For example, punishment paragraph has following description:Defendant's Huang Lei commissions of a theft, are sentenced to fixed-term imprisonment seven months.Enter The result that obtains is after row participle and part of speech analysis:(yellow of heap of stone/name+criminal/verb+larceny/legal terms+, / comma+sentence/verb+fixed-term imprisonment/legal terms+seven months/measure word).It can be seen that, it meets following rule: First preset rules:.* violate .* crime, sentence .* punishment .* [moon | year];And second preset rules:Name+verb+law name Word+comma+verb+legal terms+measure word.Therefore, the match is successful for preset rules.
If it should be noted that in no one of list of rules preset rules (the first preset rules and corresponding The second preset rules) the match is successful, then by the output of this punishment paragraph in failure record.Subsequently can be by people's work point Analysis obtains the new rule corresponding to punishment content in the paragraph, and is added in list of rules, is used to improve rule Then list.
Step S206, extracts the punishment data in punishment paragraph.

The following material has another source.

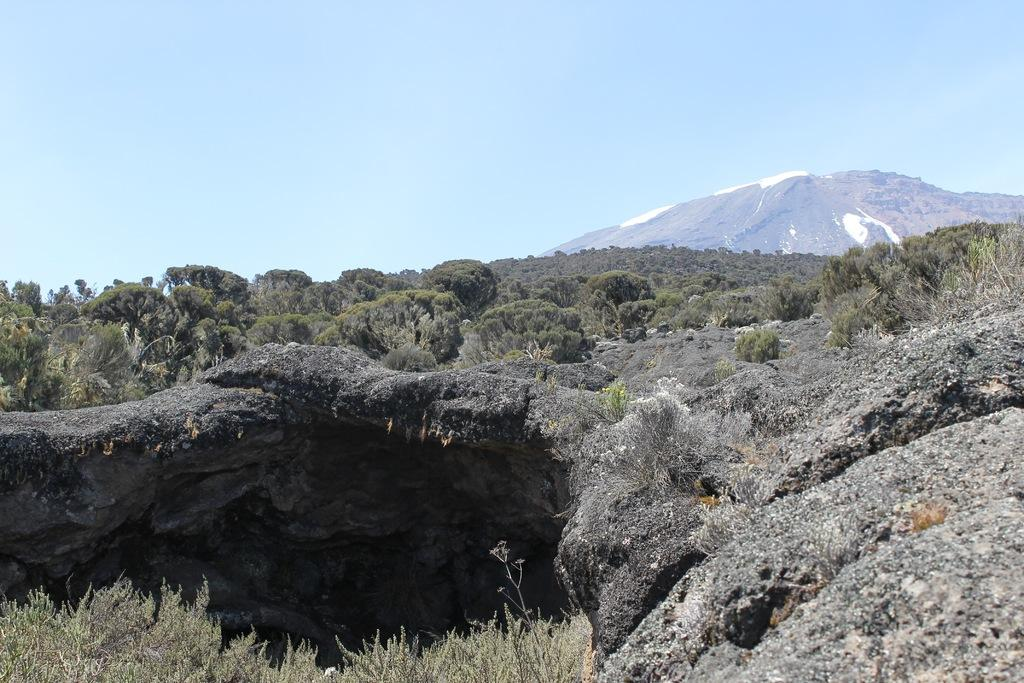What type of vegetation can be seen in the image? There are trees in the image. What geological feature is present in the image? There is a rock in the image. What type of landscape can be seen in the image? There are mountains in the image. What is visible in the background of the image? The sky is visible in the background of the image. What type of silk is being used to answer questions about the image? There is no silk present in the image, nor is it being used to answer questions about the image. 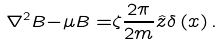Convert formula to latex. <formula><loc_0><loc_0><loc_500><loc_500>\nabla ^ { 2 } { B - } \mu { B = } \zeta \frac { 2 \pi } { 2 m } { \hat { z } } \delta \left ( { x } \right ) .</formula>

According to the matching of above-mentioned completed preset rules, can be according to related in the first preset rules extraction punishment paragraph Punishment data.For example, during above-mentioned punishment paragraph can be extracted:Huang Lei, larceny, fixed-term imprisonment, seven The punishment keywords such as the moon.Or, " larceny " that can be only to wherein including is extracted.
Punishment data are carried out structured storage by step S208.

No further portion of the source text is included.